Work instructions: The data below is to be written out exactly, with no pictures.

Records for processing:
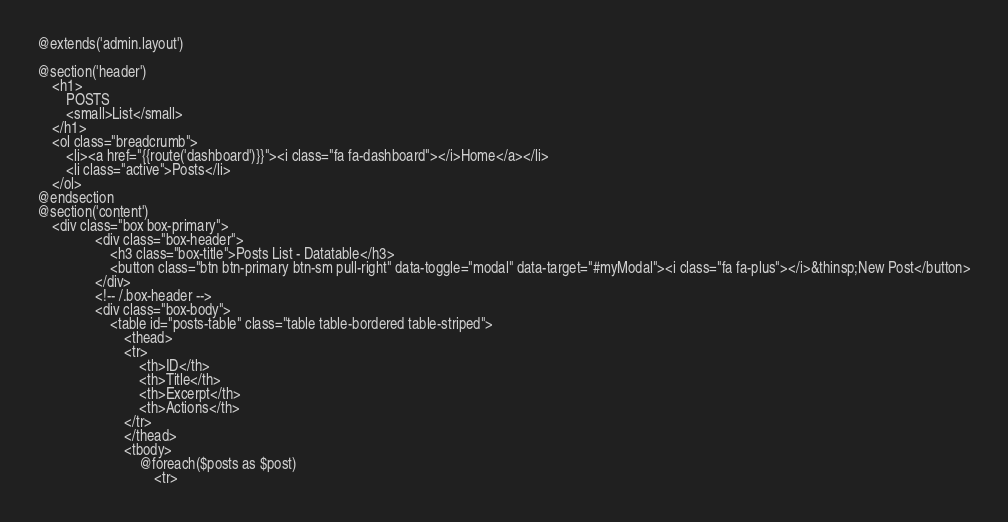Convert code to text. <code><loc_0><loc_0><loc_500><loc_500><_PHP_>@extends('admin.layout')

@section('header')
	<h1>
		POSTS
		<small>List</small>
	</h1>
	<ol class="breadcrumb">
		<li><a href="{{route('dashboard')}}"><i class="fa fa-dashboard"></i>Home</a></li>
		<li class="active">Posts</li>
	</ol>
@endsection
@section('content')
	<div class="box box-primary">
				<div class="box-header">
					<h3 class="box-title">Posts List - Datatable</h3>
					<button class="btn btn-primary btn-sm pull-right" data-toggle="modal" data-target="#myModal"><i class="fa fa-plus"></i>&thinsp;New Post</button>
				</div>
				<!-- /.box-header -->
				<div class="box-body">
					<table id="posts-table" class="table table-bordered table-striped">
						<thead>
						<tr>
							<th>ID</th>
							<th>Title</th>
							<th>Excerpt</th>
							<th>Actions</th>
						</tr>
						</thead>
						<tbody>
							@foreach($posts as $post)
								<tr></code>

Final answer:
Convert code to text. <code><loc_0><loc_0><loc_500><loc_500><_PHP_>@extends('admin.layout')

@section('header')
	<h1>
		POSTS
		<small>List</small>
	</h1>
	<ol class="breadcrumb">
		<li><a href="{{route('dashboard')}}"><i class="fa fa-dashboard"></i>Home</a></li>
		<li class="active">Posts</li>
	</ol>
@endsection
@section('content')
	<div class="box box-primary">
				<div class="box-header">
					<h3 class="box-title">Posts List - Datatable</h3>
					<button class="btn btn-primary btn-sm pull-right" data-toggle="modal" data-target="#myModal"><i class="fa fa-plus"></i>&thinsp;New Post</button>
				</div>
				<!-- /.box-header -->
				<div class="box-body">
					<table id="posts-table" class="table table-bordered table-striped">
						<thead>
						<tr>
							<th>ID</th>
							<th>Title</th>
							<th>Excerpt</th>
							<th>Actions</th>
						</tr>
						</thead>
						<tbody>
							@foreach($posts as $post)
								<tr></code>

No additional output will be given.